### ABOUT THIS TASK:
Restate all of the data precisely, omitting nothing.

### Source data:
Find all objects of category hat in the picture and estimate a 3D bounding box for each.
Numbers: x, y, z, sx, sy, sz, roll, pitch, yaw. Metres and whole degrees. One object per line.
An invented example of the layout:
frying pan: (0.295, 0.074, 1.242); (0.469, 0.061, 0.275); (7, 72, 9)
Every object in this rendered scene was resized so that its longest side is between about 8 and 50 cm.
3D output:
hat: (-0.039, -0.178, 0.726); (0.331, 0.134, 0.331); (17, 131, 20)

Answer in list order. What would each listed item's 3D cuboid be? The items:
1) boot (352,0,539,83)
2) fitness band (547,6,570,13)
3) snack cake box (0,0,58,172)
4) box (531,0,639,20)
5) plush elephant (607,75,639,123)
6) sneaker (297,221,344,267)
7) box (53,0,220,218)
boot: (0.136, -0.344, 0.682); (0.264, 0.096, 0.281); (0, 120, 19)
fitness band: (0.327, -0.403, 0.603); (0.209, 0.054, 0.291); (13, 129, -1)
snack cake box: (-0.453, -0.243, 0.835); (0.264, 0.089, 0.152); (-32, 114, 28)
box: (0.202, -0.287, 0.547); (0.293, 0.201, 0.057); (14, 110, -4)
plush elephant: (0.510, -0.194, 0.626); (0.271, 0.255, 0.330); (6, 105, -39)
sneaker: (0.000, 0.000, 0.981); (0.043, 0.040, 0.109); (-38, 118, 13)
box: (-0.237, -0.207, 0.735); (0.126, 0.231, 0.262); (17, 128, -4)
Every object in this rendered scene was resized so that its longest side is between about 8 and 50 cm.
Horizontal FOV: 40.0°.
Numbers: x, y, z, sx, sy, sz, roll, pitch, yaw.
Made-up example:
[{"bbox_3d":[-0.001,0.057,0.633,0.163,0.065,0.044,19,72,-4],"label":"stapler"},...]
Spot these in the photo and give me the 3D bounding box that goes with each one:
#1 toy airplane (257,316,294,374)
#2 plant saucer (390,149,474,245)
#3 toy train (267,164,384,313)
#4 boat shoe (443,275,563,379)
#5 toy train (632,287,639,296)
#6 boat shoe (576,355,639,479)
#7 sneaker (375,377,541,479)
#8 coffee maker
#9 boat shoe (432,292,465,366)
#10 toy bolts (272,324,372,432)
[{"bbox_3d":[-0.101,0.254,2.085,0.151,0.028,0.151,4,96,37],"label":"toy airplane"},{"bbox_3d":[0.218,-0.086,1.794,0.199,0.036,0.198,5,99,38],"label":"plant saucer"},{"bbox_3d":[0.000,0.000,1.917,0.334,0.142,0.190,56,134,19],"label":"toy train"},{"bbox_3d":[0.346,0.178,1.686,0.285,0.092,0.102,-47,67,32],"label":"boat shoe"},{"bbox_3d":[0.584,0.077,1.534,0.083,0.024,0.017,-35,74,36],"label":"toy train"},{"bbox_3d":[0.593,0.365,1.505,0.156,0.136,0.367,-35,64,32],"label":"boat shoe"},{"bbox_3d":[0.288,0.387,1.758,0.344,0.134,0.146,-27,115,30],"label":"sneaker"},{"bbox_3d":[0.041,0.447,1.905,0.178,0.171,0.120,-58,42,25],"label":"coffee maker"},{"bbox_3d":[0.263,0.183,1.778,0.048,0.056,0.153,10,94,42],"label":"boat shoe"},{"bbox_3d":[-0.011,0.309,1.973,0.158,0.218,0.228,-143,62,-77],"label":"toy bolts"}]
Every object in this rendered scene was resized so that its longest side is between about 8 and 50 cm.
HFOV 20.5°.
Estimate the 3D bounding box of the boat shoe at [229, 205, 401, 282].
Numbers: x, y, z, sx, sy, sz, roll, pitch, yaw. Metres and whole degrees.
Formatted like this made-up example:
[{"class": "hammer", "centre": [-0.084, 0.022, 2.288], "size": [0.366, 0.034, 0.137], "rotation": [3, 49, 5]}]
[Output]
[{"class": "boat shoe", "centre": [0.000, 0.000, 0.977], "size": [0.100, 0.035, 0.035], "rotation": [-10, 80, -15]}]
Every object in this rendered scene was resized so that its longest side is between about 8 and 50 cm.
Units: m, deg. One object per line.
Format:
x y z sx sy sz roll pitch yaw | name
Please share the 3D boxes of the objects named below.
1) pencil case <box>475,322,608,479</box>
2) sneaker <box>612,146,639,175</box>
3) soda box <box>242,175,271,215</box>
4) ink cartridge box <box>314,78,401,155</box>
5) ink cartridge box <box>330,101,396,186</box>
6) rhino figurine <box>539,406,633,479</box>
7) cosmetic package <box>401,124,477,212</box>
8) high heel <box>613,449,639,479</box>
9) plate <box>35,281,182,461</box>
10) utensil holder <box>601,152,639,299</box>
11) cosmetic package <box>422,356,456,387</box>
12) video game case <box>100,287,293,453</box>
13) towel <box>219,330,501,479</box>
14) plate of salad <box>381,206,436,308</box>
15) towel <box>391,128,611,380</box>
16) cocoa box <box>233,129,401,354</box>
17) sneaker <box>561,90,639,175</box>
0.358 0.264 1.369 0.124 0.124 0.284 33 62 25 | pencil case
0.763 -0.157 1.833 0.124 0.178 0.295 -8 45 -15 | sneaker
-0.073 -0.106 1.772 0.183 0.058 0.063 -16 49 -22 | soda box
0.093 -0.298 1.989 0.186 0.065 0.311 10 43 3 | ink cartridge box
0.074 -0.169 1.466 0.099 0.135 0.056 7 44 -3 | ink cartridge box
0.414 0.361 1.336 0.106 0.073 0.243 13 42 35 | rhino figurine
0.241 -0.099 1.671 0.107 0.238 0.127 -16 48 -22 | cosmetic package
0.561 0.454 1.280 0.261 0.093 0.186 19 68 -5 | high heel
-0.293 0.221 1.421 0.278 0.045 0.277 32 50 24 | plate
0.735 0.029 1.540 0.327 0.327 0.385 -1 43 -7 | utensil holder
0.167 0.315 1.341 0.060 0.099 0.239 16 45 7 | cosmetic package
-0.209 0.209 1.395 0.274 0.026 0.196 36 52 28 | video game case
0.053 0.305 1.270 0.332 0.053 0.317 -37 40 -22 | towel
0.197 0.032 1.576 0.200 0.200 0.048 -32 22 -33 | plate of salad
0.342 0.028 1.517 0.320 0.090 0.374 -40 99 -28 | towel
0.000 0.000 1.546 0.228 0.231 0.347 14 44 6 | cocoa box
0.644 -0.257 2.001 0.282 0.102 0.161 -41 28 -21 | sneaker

### EXPECTED ANSWER:
Find all objects of category hat in the picture and estimate a 3D bounding box for each.
Numbers: x, y, z, sx, sy, sz, roll, pitch, yaw. Metres and whole degrees. One object per line.
An invented example of the layout:
frying pan: (0.295, 0.074, 1.242); (0.469, 0.061, 0.275); (7, 72, 9)
Every object in this rendered scene was resized so that its longest side is between about 8 and 50 cm.
3D output:
hat: (-0.039, -0.178, 0.726); (0.331, 0.134, 0.331); (17, 131, 20)

Answer in list order. What would each listed item's 3D cuboid be? The items:
1) boot (352,0,539,83)
2) fitness band (547,6,570,13)
3) snack cake box (0,0,58,172)
4) box (531,0,639,20)
5) plush elephant (607,75,639,123)
6) sneaker (297,221,344,267)
7) box (53,0,220,218)
boot: (0.136, -0.344, 0.682); (0.264, 0.096, 0.281); (0, 120, 19)
fitness band: (0.327, -0.403, 0.603); (0.209, 0.054, 0.291); (13, 129, -1)
snack cake box: (-0.453, -0.243, 0.835); (0.264, 0.089, 0.152); (-32, 114, 28)
box: (0.202, -0.287, 0.547); (0.293, 0.201, 0.057); (14, 110, -4)
plush elephant: (0.510, -0.194, 0.626); (0.271, 0.255, 0.330); (6, 105, -39)
sneaker: (0.000, 0.000, 0.981); (0.043, 0.040, 0.109); (-38, 118, 13)
box: (-0.237, -0.207, 0.735); (0.126, 0.231, 0.262); (17, 128, -4)
Every object in this rendered scene was resized so that its longest side is between about 8 and 50 cm.
Horizontal FOV: 40.0°.
Numbers: x, y, z, sx, sy, sz, roll, pitch, yaw.
Made-up example:
[{"bbox_3d":[-0.001,0.057,0.633,0.163,0.065,0.044,19,72,-4],"label":"stapler"},...]
Spot these in the photo and give me the 3D bounding box that goes with each one:
#1 toy airplane (257,316,294,374)
#2 plant saucer (390,149,474,245)
#3 toy train (267,164,384,313)
#4 boat shoe (443,275,563,379)
#5 toy train (632,287,639,296)
#6 boat shoe (576,355,639,479)
#7 sneaker (375,377,541,479)
#8 coffee maker
#9 boat shoe (432,292,465,366)
#10 toy bolts (272,324,372,432)
[{"bbox_3d":[-0.101,0.254,2.085,0.151,0.028,0.151,4,96,37],"label":"toy airplane"},{"bbox_3d":[0.218,-0.086,1.794,0.199,0.036,0.198,5,99,38],"label":"plant saucer"},{"bbox_3d":[0.000,0.000,1.917,0.334,0.142,0.190,56,134,19],"label":"toy train"},{"bbox_3d":[0.346,0.178,1.686,0.285,0.092,0.102,-47,67,32],"label":"boat shoe"},{"bbox_3d":[0.584,0.077,1.534,0.083,0.024,0.017,-35,74,36],"label":"toy train"},{"bbox_3d":[0.593,0.365,1.505,0.156,0.136,0.367,-35,64,32],"label":"boat shoe"},{"bbox_3d":[0.288,0.387,1.758,0.344,0.134,0.146,-27,115,30],"label":"sneaker"},{"bbox_3d":[0.041,0.447,1.905,0.178,0.171,0.120,-58,42,25],"label":"coffee maker"},{"bbox_3d":[0.263,0.183,1.778,0.048,0.056,0.153,10,94,42],"label":"boat shoe"},{"bbox_3d":[-0.011,0.309,1.973,0.158,0.218,0.228,-143,62,-77],"label":"toy bolts"}]
Every object in this rendered scene was resized so that its longest side is between about 8 and 50 cm.
HFOV 20.5°.
Estimate the 3D bounding box of the boat shoe at [229, 205, 401, 282].
Numbers: x, y, z, sx, sy, sz, roll, pitch, yaw. Metres and whole degrees.
Formatted like this made-up example:
[{"class": "hammer", "centre": [-0.084, 0.022, 2.288], "size": [0.366, 0.034, 0.137], "rotation": [3, 49, 5]}]
[Output]
[{"class": "boat shoe", "centre": [0.000, 0.000, 0.977], "size": [0.100, 0.035, 0.035], "rotation": [-10, 80, -15]}]
Every object in this rendered scene was resized so that its longest side is between about 8 and 50 cm.
Units: m, deg. One object per line.
Format:
x y z sx sy sz roll pitch yaw | name
Please share the 3D boxes of the objects named below.
1) pencil case <box>475,322,608,479</box>
2) sneaker <box>612,146,639,175</box>
3) soda box <box>242,175,271,215</box>
4) ink cartridge box <box>314,78,401,155</box>
5) ink cartridge box <box>330,101,396,186</box>
6) rhino figurine <box>539,406,633,479</box>
7) cosmetic package <box>401,124,477,212</box>
8) high heel <box>613,449,639,479</box>
9) plate <box>35,281,182,461</box>
10) utensil holder <box>601,152,639,299</box>
11) cosmetic package <box>422,356,456,387</box>
12) video game case <box>100,287,293,453</box>
13) towel <box>219,330,501,479</box>
14) plate of salad <box>381,206,436,308</box>
15) towel <box>391,128,611,380</box>
16) cocoa box <box>233,129,401,354</box>
17) sneaker <box>561,90,639,175</box>
0.358 0.264 1.369 0.124 0.124 0.284 33 62 25 | pencil case
0.763 -0.157 1.833 0.124 0.178 0.295 -8 45 -15 | sneaker
-0.073 -0.106 1.772 0.183 0.058 0.063 -16 49 -22 | soda box
0.093 -0.298 1.989 0.186 0.065 0.311 10 43 3 | ink cartridge box
0.074 -0.169 1.466 0.099 0.135 0.056 7 44 -3 | ink cartridge box
0.414 0.361 1.336 0.106 0.073 0.243 13 42 35 | rhino figurine
0.241 -0.099 1.671 0.107 0.238 0.127 -16 48 -22 | cosmetic package
0.561 0.454 1.280 0.261 0.093 0.186 19 68 -5 | high heel
-0.293 0.221 1.421 0.278 0.045 0.277 32 50 24 | plate
0.735 0.029 1.540 0.327 0.327 0.385 -1 43 -7 | utensil holder
0.167 0.315 1.341 0.060 0.099 0.239 16 45 7 | cosmetic package
-0.209 0.209 1.395 0.274 0.026 0.196 36 52 28 | video game case
0.053 0.305 1.270 0.332 0.053 0.317 -37 40 -22 | towel
0.197 0.032 1.576 0.200 0.200 0.048 -32 22 -33 | plate of salad
0.342 0.028 1.517 0.320 0.090 0.374 -40 99 -28 | towel
0.000 0.000 1.546 0.228 0.231 0.347 14 44 6 | cocoa box
0.644 -0.257 2.001 0.282 0.102 0.161 -41 28 -21 | sneaker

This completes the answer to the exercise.